Le marketing activiste a sa place lorsqu’il s’inscrit dans la raison d’être de l’entreprise. D’ailleurs, ne vous y méprenez pas, reverser 1% de ses ventes à un organisme de bienfaisance est totalement louable lorsque ça s’inscrit dans un ensemble d’actions prises par une entreprise. Le problème n’est donc pas l’activisme de marque, mais plutôt l’opportunisme de ces dernières. Car en voulant faire bien, elles vont souvent trop vite et agissent de façon superficielle. C’est notamment ce qu’il s’est passé avec l’utilisation du carré noir et du hashtag #BlackoutTuesday, lancé à la base par l’industrie musicale pour protester contre le racisme et les violences policières.

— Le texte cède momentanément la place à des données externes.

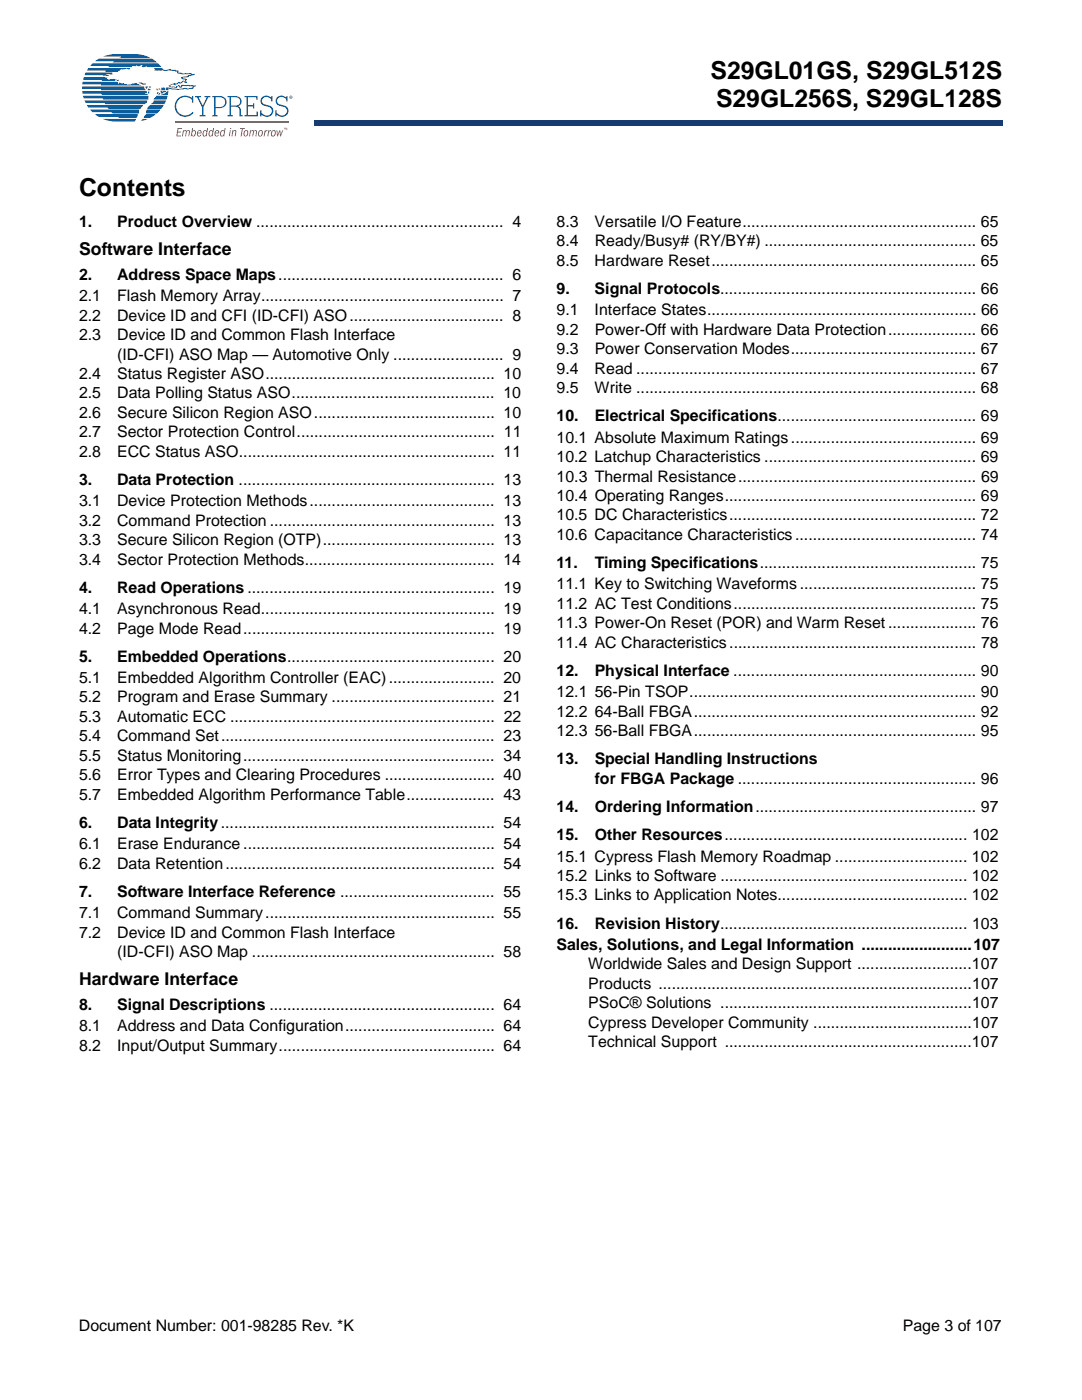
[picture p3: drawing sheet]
<svg xmlns="http://www.w3.org/2000/svg" width="216mm" height="279mm" viewBox="0 0 216 279" stroke-linecap="round" stroke-linejoin="round" font-family="sans-serif">
<defs><g id="words">
<g font-size="4.9">
<text x="141.8" y="15.8">S29GL01GS, S29GL512S</text>
<text x="142.9" y="21.4">S29GL256S, S29GL128S</text>
<text x="15.8" y="39.1">Contents</text>
</g>
<g font-size="3.5">
<text x="15.8" y="50.8">Software Interface</text>
<text x="15.8" y="196.5">Hardware Interface</text>
</g>
<g font-size="3.2">
<text x="15.8" y="45.3">1.</text>
<text x="23.4" y="45.3">Product Overview ........................................................ 4</text>
<text x="111" y="45.3">8.3</text>
<text x="118.7" y="45.3">Versatile I/O Feature..................................................... 65</text>
<text x="111" y="49.2">8.4</text>
<text x="111" y="53">8.5</text>
<text x="118.7" y="53">Hardware Reset............................................................ 65</text>
<text x="118.7" y="49.2">Ready/Busy# (RY/BY#) ................................................ 65</text>
<text x="15.8" y="55.9">2.</text>
<text x="23.4" y="55.9">Address Space Maps................................................... 6</text>
<text x="111" y="58.7">9.</text>
<text x="118.7" y="58.7">Signal Protocols.......................................................... 66</text>
<text x="15.8" y="60.1">2.1</text>
<text x="15.8" y="64">2.2</text>
<text x="23.4" y="64">Device ID and CFI (ID-CFI) ASO................................... 8</text>
<text x="23.4" y="60.1">Flash Memory Array....................................................... 7</text>
<text x="111" y="62.9">9.1</text>
<text x="118.7" y="62.9">Interface States............................................................. 66</text>
<text x="15.8" y="67.9">2.3</text>
<text x="23.4" y="67.9">Device ID and Common Flash Interface</text>
<text x="23.4" y="71.8">(ID-CFI) ASO Map — Automotive Only ......................... 9</text>
<text x="111" y="66.8">9.2</text>
<text x="111" y="70.7">9.3</text>
<text x="118.7" y="66.8">Power-Off with Hardware Data Protection.................... 66</text>
<text x="118.7" y="70.7">Power Conservation Modes.......................................... 67</text>
<text x="15.8" y="75.6">2.4</text>
<text x="23.4" y="75.6">Status Register ASO.................................................... 10</text>
<text x="111" y="74.6">9.4</text>
<text x="118.7" y="74.6">Read ............................................................................. 67</text>
<text x="15.8" y="79.5">2.5</text>
<text x="15.8" y="83.4">2.6</text>
<text x="23.4" y="83.4">Secure Silicon Region ASO......................................... 10</text>
<text x="23.4" y="79.5">Data Polling Status ASO.............................................. 10</text>
<text x="111" y="78.5">9.5</text>
<text x="118.7" y="78.5">Write ............................................................................. 68</text>
<text x="15.8" y="87.3">2.7</text>
<text x="23.4" y="87.3">Sector Protection Control............................................. 11</text>
<text x="111" y="88.3">10.1 Absolute Maximum Ratings.......................................... 69</text>
<text x="111" y="84.1">10.</text>
<text x="118.7" y="84.1">Electrical Specifications............................................. 69</text>
<text x="15.8" y="91.2">2.8</text>
<text x="23.4" y="91.2">ECC Status ASO.......................................................... 11</text>
<text x="111" y="92.2">10.2 Latchup Characteristics ................................................ 69</text>
<text x="15.8" y="96.8">3.</text>
<text x="15.8" y="101">3.1</text>
<text x="23.4" y="101">Device Protection Methods.......................................... 13</text>
<text x="23.4" y="96.8">Data Protection .......................................................... 13</text>
<text x="111" y="96.1">10.3 Thermal Resistance...................................................... 69</text>
<text x="111" y="100">10.4 Operating Ranges......................................................... 69</text>
<text x="15.8" y="104.9">3.2</text>
<text x="23.4" y="104.9">Command Protection ................................................... 13</text>
<text x="111" y="103.9">10.5 DC Characteristics........................................................ 72</text>
<text x="111" y="107.7">10.6 Capacitance Characteristics......................................... 74</text>
<text x="15.8" y="108.8">3.3</text>
<text x="15.8" y="112.7">3.4</text>
<text x="23.4" y="108.8">Secure Silicon Region (OTP)....................................... 13</text>
<text x="23.4" y="112.7">Sector Protection Methods........................................... 14</text>
<text x="111" y="113.4">11.</text>
<text x="118.7" y="113.4">Timing Specifications................................................. 75</text>
<text x="15.8" y="118.3">4.</text>
<text x="23.4" y="118.3">Read Operations ........................................................ 19</text>
<text x="111" y="117.6">11.1 Key to Switching Waveforms........................................ 75</text>
<text x="15.8" y="122.6">4.1</text>
<text x="23.4" y="122.6">Asynchronous Read..................................................... 19</text>
<text x="111" y="121.5">11.2 AC Test Conditions....................................................... 75</text>
<text x="111" y="125.4">11.3 Power-On Reset (POR) and Warm Reset.................... 76</text>
<text x="15.8" y="126.4">4.2</text>
<text x="23.4" y="126.4">Page Mode Read......................................................... 19</text>
<text x="111" y="129.3">11.4 AC Characteristics........................................................ 78</text>
<text x="15.8" y="132.1">5.</text>
<text x="15.8" y="136.3">5.1</text>
<text x="23.4" y="132.1">Embedded Operations............................................... 20</text>
<text x="23.4" y="136.3">Embedded Algorithm Controller (EAC)........................ 20</text>
<text x="111" y="134.9">12.</text>
<text x="118.7" y="134.9">Physical Interface ....................................................... 90</text>
<text x="15.8" y="140.2">5.2</text>
<text x="23.4" y="140.2">Program and Erase Summary ..................................... 21</text>
<text x="111" y="139.1">12.1 56-Pin TSOP................................................................. 90</text>
<text x="111" y="143">12.2 64-Ball FBGA................................................................ 92</text>
<text x="15.8" y="144.1">5.3</text>
<text x="15.8" y="148">5.4</text>
<text x="23.4" y="148">Command Set.............................................................. 23</text>
<text x="23.4" y="144.1">Automatic ECC ............................................................ 22</text>
<text x="111" y="146.9">12.3 56-Ball FBGA................................................................ 95</text>
<text x="15.8" y="151.8">5.5</text>
<text x="15.8" y="155.7">5.6</text>
<text x="23.4" y="155.7">Error Types and Clearing Procedures ......................... 40</text>
<text x="23.4" y="151.8">Status Monitoring......................................................... 34</text>
<text x="111" y="152.5">13.</text>
<text x="118.7" y="152.5">Special Handling Instructions</text>
<text x="15.8" y="159.6">5.7</text>
<text x="23.4" y="159.6">Embedded Algorithm Performance Table.................... 43</text>
<text x="118.7" y="156.4">for FBGA Package ...................................................... 96</text>
<text x="15.8" y="165.2">6.</text>
<text x="23.4" y="165.2">Data Integrity.............................................................. 54</text>
<text x="111" y="162.1">14.</text>
<text x="111" y="167.7">15.</text>
<text x="118.7" y="162.1">Ordering Information.................................................. 97</text>
<text x="118.7" y="167.7">Other Resources....................................................... 102</text>
<text x="15.8" y="169.5">6.1</text>
<text x="15.8" y="173.4">6.2</text>
<text x="23.4" y="169.5">Erase Endurance ......................................................... 54</text>
<text x="23.4" y="173.4">Data Retention............................................................. 54</text>
<text x="111" y="171.9">15.1 Cypress Flash Memory Roadmap .............................. 102</text>
<text x="15.8" y="179">7.</text>
<text x="23.4" y="179">Software Interface Reference ................................... 55</text>
<text x="111" y="179.7">15.3 Links to Application Notes........................................... 102</text>
<text x="111" y="175.8">15.2 Links to Software ........................................................ 102</text>
<text x="15.8" y="183.2">7.1</text>
<text x="23.4" y="183.2">Command Summary.................................................... 55</text>
<text x="111" y="185.4">16.</text>
<text x="118.7" y="185.4">Revision History........................................................ 103</text>
<text x="15.8" y="187.1">7.2</text>
<text x="23.4" y="187.1">Device ID and Common Flash Interface</text>
<text x="23.4" y="191">(ID-CFI) ASO Map ....................................................... 58</text>
<text x="111" y="189.6">Sales, Solutions, and Legal Information .........................107</text>
<text x="117.4" y="193.5">Worldwide Sales and Design Support ..........................107</text>
<text x="117.4" y="197.3">Products .......................................................................107</text>
<text x="15.8" y="201.6">8.</text>
<text x="23.4" y="201.6">Signal Descriptions ................................................... 64</text>
<text x="117.4" y="201.2">PSoC® Solutions .........................................................107</text>
<text x="15.8" y="205.8">8.1</text>
<text x="15.8" y="209.7">8.2</text>
<text x="23.4" y="205.8">Address and Data Configuration.................................. 64</text>
<text x="23.4" y="209.7">Input/Output Summary................................................. 64</text>
<text x="117.4" y="205.1">Cypress Developer Community ....................................107</text>
<text x="117.4" y="209">Technical Support ........................................................107</text>
<text x="15.7" y="265.6">Document Number: 001-98285 Rev. *K</text>
<text x="180.1" y="265.6">Page 3 of 107</text>
</g>
</g></defs>
<path d="M62.8 24.1h137.3v.9h-137.3z" fill="#163b71"/>
<path d="M62.7 25h137.3M62.8 24.1h137.2" fill="none" stroke="#163b71" stroke-width=".2"/>
<path d="M62.7 24h.2v1h-.2z" fill="#163b71"/>
<path d="M16.4 10.8h42v16.5h-42z" fill="#fff"/>
<g fill="#005596">
<path d="M29.6 17.6l.5 .2-.1 .1-.6 .1z"/>
<path d="M16.4 18.2h12.8a.28 .28 0 0 1 0 .3 .28 .28 0 0 1-.3 .1l.6 .3h-9.2v-.2h-3.8z"/>
<path d="M17.1 14.5h5.5l-.4 .2h.4l-1.5 .2 .6 .1-.8 .1-.3 .1 .1-.2h-3.8z"/>
<path d="M19 12.2l.7-.5h10.6l1 .8h-8.8l.3-.3z"/>
<path d="M20.6 11.3l2-.5h4.5h-.2l1.6 .2 1.5 .5h-6.2l.5-.2z"/>
<path d="M16.5 16.3h6.9l.2 .5 .3-.3 .4 .2 .5-.1-.1 .2 1.2 .1a1.82 1.82 0 0 1 2.3 .2h-8v-.3h-3.8z"/>
<path d="M27.6 16.5h.6l.4 .1 .1 .2 .3-.2 .1 .2-.6 .1z"/>
<path d="M16.7 15.4h4.3l.4 .2h-.1a.85 .85 0 0 0 1 .2h1l-.4 .4h-2.6l.1-.3h-3.8z"/>
<path d="M23.3 16l.4-.1v.3h-.4z"/>
<path d="M17.7 13.6h8.1l.1 .1-.1 .1-.5-.1-.4 .1a1.76 1.76 0 0 0-1.4 .5h-2.5l.1-.2h-3.8z"/>
<path d="M30.7 13.6h1.6a.98 .98 0 0 0 1.4 .2h.4l.1 .1 1.5 .2-.2 .2 .1 .2 1 .2 .4-.1h1.3l-.1 .2h.7l-.8 .4-.3-.1-.1 .2-1.4 .2 .9 .3 .1 .2-.2 .2 .3 .2a.37 .37 0 0 1-.4 .2 .37 .37 0 0 1-.3-.3l-.6 .4-.5-.2-.2 .3h-.5l.3 .2h-.2a.69 .69 0 0 0-1 .2l1.1 .2v-.2l.7-.3 .2 .4a.61 .61 0 0 1 .9-.3l.6-.1 1.6 .2-.7 .6-2.9 .2-1.9-.2v.3h-.4a.31 .31 0 0 1-.1-.3 .31 .31 0 0 1 .2-.3l1 .3a5.2 5.2 0 0 0 2.6-.2l.5 .2 1-.2v-.1l.1-.2-2.1-.1-.1 .3-.2 .1h-.2l-.3-.3-.3 .1v.3l-1.4-.2-.3-.3 1.1-.5a.92 .92 0 0 0 1-.2l.2 .1 .4-.3a.45 .45 0 0 1 .8 .2l-.2-.3 .1-.2a.55 .55 0 0 1-.8-.5l1.2-.2 .2-.2 .5-.1-.2-.1h-1.6l-.7-.1-.2-.1-.1-.3h-.3l-.1-.2-4.2-.1 .4-.3-.2 .1z"/>
<path d="M32.2 17.5l.5-.1 .2 .2 .1 .4h-1l.4-.2-.3-.1z"/>
<path d="M31.3 17.7l.3 .3h-.3z"/>
<path d="M16.4 17.3h12.3l.4 .7h-8.9v-.2h-3.8z"/>
<path d="M31.6 17.7h.3l-.1 .2z"/>
<path d="M29.7 17.3h.4v.1l-.1 .1h-.2z"/>
<path d="M29 17.3h.5l-.3 .5z"/>
<path d="M29.6 18.2l.2 .1-.1 .4-.2-.2z"/>
<path d="M18.3 12.8l.2-.2h13l.7 .8h-2.9v-.2l-.8 .2-.2-.1v-.3l-.6 .2-.4-.2-.1 .2h-.8v.2h-4.8l.2-.3h-3.8z"/>
<path d="M32 18.2h1.2a.44 .44 0 0 1-.8 0l-.2 .1 .5 .3-.5 .1z"/>
<path d="M32.2 18.8l.7-.1 .7-.5-.1 .7h-1.4z"/>
<path d="M31.8 18.5l.2 .1v.2l-.5 .1z"/>
<path d="M31.4 18.4l.2 .1-.2 .3z"/>
<path d="M16.6 19.1h13v.2v.6h-9l-.1-.3h-3.8z"/>
<path d="M16.9 20h12.5v.2l-.5 .6h-7.9l-.1-.3h-3.8z"/>
<path d="M17.3 21h11.3l-.5 .7h-6.5l-.2-.2h-3.8z"/>
<path d="M18 21.9h9.8l-.1 .7h-5.2l-.3-.2h-3.8z"/>
<path d="M18.9 22.8h8.6l-.3 .7-3.3 .1-.5-.3h-3.7z"/>
<path d="M20.5 23.7h6.6l-.2 .6h-3.7l-1.2-.1z"/>
<path d="M31.2 19.1h2.3l-.3 .8h-2.5z"/>
<path d="M30.7 20h2.4l-.3 .8h-2.7l.5-.5z"/>
<path d="M29.6 21.2l.3-.2h2.8l-.5 .7h-2.8z"/>
<path d="M29.3 21.9h2.7l-.7 .7h-2.1z"/>
<path d="M29.1 22.8h2l-1.2 .7h-1.2z"/>
<path d="M28.3 23.9l.2-.2h1l-1.3 .4z"/>
<path d="M35.5 19.7a2.15 2.15 0 0 1 2.8-.1v-.4h.3v1.3h-.3v-.6a1.84 1.84 0 0 0-2.7 0 1.84 1.84 0 0 0 .2 2.7 1.84 1.84 0 0 0 2.6-.3l.2 .2a2.11 2.11 0 0 1-3.1 .3 2.11 2.11 0 0 1 0-3.1z"/>
<path d="M38.9 19.2h1.2v.2h-.5l.9 1.7 .8-1.7h-.5v-.2h1.2v.2h-.4l-1 2v1.6h.4v.2h-1.2v-.2h.5v-1.6l-1-2h-.4z"/>
<path d="M48.8 19.2h2.6v.7h-.3v-.5h-1.6v1.6h1v-.4h.2v1.1h-.2v-.5h-1v1.8h1.7v-.7h.2v.9h-2.6v-.2h.4v-3.6h-.4z"/>
<path d="M52.2 19.5a1.28 1.28 0 0 1 1.9 0v-.3h.3v1h-.3a.89 .89 0 0 0-1.1-.9 .89 .89 0 0 0-.6 1.3l.5 .3a1.49 1.49 0 0 1 1.6 1.2 1.34 1.34 0 0 1-.9 1.2 1.34 1.34 0 0 1-1.4-.4v.3h-.3v-1.2h.3a.99 .99 0 0 0 1.1 1.1 .89 .89 0 0 0 .9-.8 .89 .89 0 0 0-.6-1 1.44 1.44 0 0 1-1.6-1.1z"/>
<path d="M55.2 19.5a1.28 1.28 0 0 1 1.9 0v-.3h.3v1h-.3a.89 .89 0 0 0-1-.9 .89 .89 0 0 0-.7 1.3l.5 .3a1.49 1.49 0 0 1 1.7 1.2 1.34 1.34 0 0 1-1 1.2 1.34 1.34 0 0 1-1.4-.4v.3h-.3v-1.2h.3a.99 .99 0 0 0 1.1 1.1 .89 .89 0 0 0 1-.8 .89 .89 0 0 0-.7-1 1.44 1.44 0 0 1-1.6-1.1z"/>
<path d="M43 19.4v2a1.58 1.58 0 0 0 1.9-.7 .99 .99 0 0 0-1.1-1.3zM42.3 19.2a2.62 2.62 0 0 1 2.7 .5 1.21 1.21 0 0 1 0 1.3 1.21 1.21 0 0 1-1.2 .6h-.8v1.4h.4v.2h-1.1v-.2h.4v-3.6h-.4z"/>
<path d="M46.1 19.4v1.7h.9a.84 .84 0 0 0 .9-.9 .84 .84 0 0 0-1-.8zM45.4 19.2a2.71 2.71 0 0 1 2.6 .4 .99 .99 0 0 1-.5 1.6 .77 .77 0 0 1 .5 .9v.9h.4v.2h-.6v-1.1a.73 .73 0 0 0-.9-.8h-.8v1.7h.4v.2h-1.1v-.2h.4v-3.6h-.4z"/>
</g>
<path d="M34.9 24.4h22.6" fill="none" stroke="#e12726" stroke-width=".29"/>
<g fill="#e12726">
<path d="M35.4 25.5h.9v.2h-.7l-.1 .6h.6v.1h-.6l-.1 .7h.7v.1h-.9z"/>
<path d="M36.5 26h.2l-.1 .2 .4-.3 .2 .3a.35 .35 0 0 1 .5-.2 .35 .35 0 0 1 .2 .5l-.2 .7h-.1l.1-.9-.3-.2-.3 1.1h-.2l.2-.9-.2-.2a1.08 1.08 0 0 0-.4 1.1h-.2z"/>
<path d="M46.4 26h.2l-.1 .2a.35 .35 0 0 1 .5-.2 .35 .35 0 0 1 .1 .5l-.1 .7h-.2l.2-.9-.1-.1-.2-.1-.3 1.1h-.2z"/>
<path d="M47.9 25.5h1v.2h-.4l-.3 1.5h-.2l.3-1.5h-.4z"/>
<path d="M49.9 26h.2l-.1 .2 .4-.3 .2 .3a.35 .35 0 0 1 .5-.2 .35 .35 0 0 1 .2 .5l-.2 .7h-.1l.1-.9-.3-.2-.3 1.1h-.2l.2-.9-.2-.2a1.08 1.08 0 0 0-.4 1.1h-.2z"/>
<path d="M52.8 26h.2l-.1 .3 .5-.3-.1 .2-.3 .1-.2 .9h-.2z"/>
<path d="M53.6 26h.1v.3l.4-.3v.2l-.4 .1-.2 .9h-.2z"/>
<path d="M55.2 26h.1l.1 .9 .3-.9h.2l.1 .9 .4-.9h.1l-.5 1.2h-.1l-.1-.9-.4 .9h-.1z"/>
<path d="M38.5 26.2l-.2 .6 .3 .3a.74 .74 0 0 0 .3-.9zM38.3 25.5h.2l-.1 .6 .3-.2a.68 .68 0 0 1 .4 .8 .68 .68 0 0 1-.7 .5l-.1-.2-.2 .2z"/>
<path d="M39.7 26.1l-.2 .4h.5l-.1-.4zM39.4 26.2a.43 .43 0 0 1 .8 0v.4l-.7 .1 .1 .4 .3-.1 .1-.1h.2a.45 .45 0 0 1-.4 .4 .45 .45 0 0 1-.5-.3z"/>
<path d="M40.8 26.2l-.2 .6 .1 .3a.54 .54 0 0 0 .5-.4 .54 .54 0 0 0-.2-.6zM40.6 26.2l.4-.3 .2 .2 .1-.6h.2l-.3 1.7h-.1v-.1a.37 .37 0 0 1-.3 .2 .37 .37 0 0 1-.4-.3z"/>
<path d="M41.9 26.2l-.1 .6 .1 .3a.54 .54 0 0 0 .5-.4 .54 .54 0 0 0-.2-.6zM41.7 26.2l.4-.3 .3 .2 .1-.6h.2l-.3 1.7h-.1v-.1a.37 .37 0 0 1-.3 .2 .37 .37 0 0 1-.4-.3z"/>
<path d="M43.2 26.1l-.2 .4h.5v-.4zM42.9 26.2a.43 .43 0 0 1 .8 0v.4l-.7 .1 .1 .4 .3-.1 .1-.1h.2a.45 .45 0 0 1-.4 .4 .45 .45 0 0 1-.5-.3z"/>
<path d="M44.3 26.2l-.2 .6 .1 .3a.54 .54 0 0 0 .5-.4 .54 .54 0 0 0-.2-.6zM44.1 26.2l.4-.3 .2 .2 .1-.6h.2l-.3 1.7h-.1v-.1a.37 .37 0 0 1-.3 .2 .37 .37 0 0 1-.4-.3z"/>
<path d="M45.9 25.5h.2v.3h-.2zM45.9 26h.2l-.3 1.2h-.1z"/>
<path d="M48.9 26.2l-.1 .6 .2 .3a.58 .58 0 0 0 .1-1zM48.7 26.1a.45 .45 0 0 1 .8 .1 .69 .69 0 0 1 0 .7 .69 .69 0 0 1-.8 .3 .87 .87 0 0 1 0-1.1z"/>
<path d="M51.8 26.2l-.1 .6 .2 .3a.58 .58 0 0 0 .1-1zM51.7 26.1a.45 .45 0 0 1 .7 .1 .69 .69 0 0 1 0 .7 .69 .69 0 0 1-.7 .3 .87 .87 0 0 1 0-1.1z"/>
<path d="M54.4 26.2l-.1 .6 .2 .3a.58 .58 0 0 0 .1-1zM54.2 26.1a.45 .45 0 0 1 .8 .1 .69 .69 0 0 1 0 .7 .69 .69 0 0 1-.8 .3 .87 .87 0 0 1 0-1.1z"/>
<path d="M57 25.5l.1 .3 .2-.3v.4l-.1-.3v.3l-.2-.3v.3zM56.7 25.5h.2l-.1 .4z"/>
</g>
<path d="M58 19.3h.1zM57.9 19.2l.2 .1 .1 .3-.2-.1-.1 .1zM57.8 19.4a.26 .26 0 0 0 .5 0 .26 .26 0 0 0-.5 0zM57.7 19.4a.35 .35 0 0 1 .7 0 .35 .35 0 0 1-.7 0z" fill="#005596"/>
<use href="#words"/>
</svg>

Toutes les marques et personnalités publiques qui se sont mises à partager ce carré noir ont en réalité nuit à la prise de parole des personnes concernées. Au lieu de voir des témoignages d’activistes, nos fils d’actualité étaient simplement rendus noirs. C’est comme si ces spécialistes du marketing avaient oublié comment fonctionne l’algorithme d’Instagram ! Ou bien est-ce plutôt parce qu’elles ont réagi au lieu d’agir ? L’activisme de marque ne doit donc jamais être opportuniste, au risque de nuire à la cause !

De l’activisme de marque à l’activisme social et environnemental

La confiance accordée aux entreprises comme acteurs de changement prend de plus en plus de place. Dans une récente entrevue, Jérôme Neveu, président fondateur d’Adven, partageait les résultats d’un récent sondage : “Les Français veulent aujourd’hui que l’entreprise soit dans l’échange : qu’elle rende à la Terre, via des efforts environnementaux et sociaux, ce qu’elle lui prend en ressources humaines et naturelles. Et la crise sanitaire a accentué cette quête de sens.”

En contrepartie, les Français perdent confiance envers leur gouvernement, selon une étude récente du cabinet Elabe. “Au lendemain de l’évaluation assez négative par la Convention Citoyenne pour le Climat des réponses d’Emmanuel Macron aux propositions formulées en juin 2020, 6 Français sur 10 estiment que l’exécutif n’en fait pas assez pour répondre aux enjeux climatiques et environnementaux.”

C’est donc clair, les entreprises ont un rôle majeur à jouer dans le virage responsable de la société. Mais le changement doit avant tout se faire au sein-même des entreprises. C’est leur modèle d’affaires qui doit être questionné, pour permettre une vraie transition. Reconsidérer leur raison d’être, leur chaîne de valeur et d’approvisionnement, tout en générant des profits intéressants. La demande grandissante des consomm’acteurs laisse présager un opportunisme marketing encore plus fort de la part des grandes corporations. Mais les consommateurs seront encore plus sélectifs et intransigeants. Transparence, vérité et actions, voici les chemins que devront emprunter les entreprises pour rester pérennes. Car sans changement intrinsèque majeur, ces dernières se verront peu à peu remplacées par une nouvelle génération d’entreprises responsables et engagées, qui auront mis leur activisme social et environnemental au cœur de leur plan d’affaires.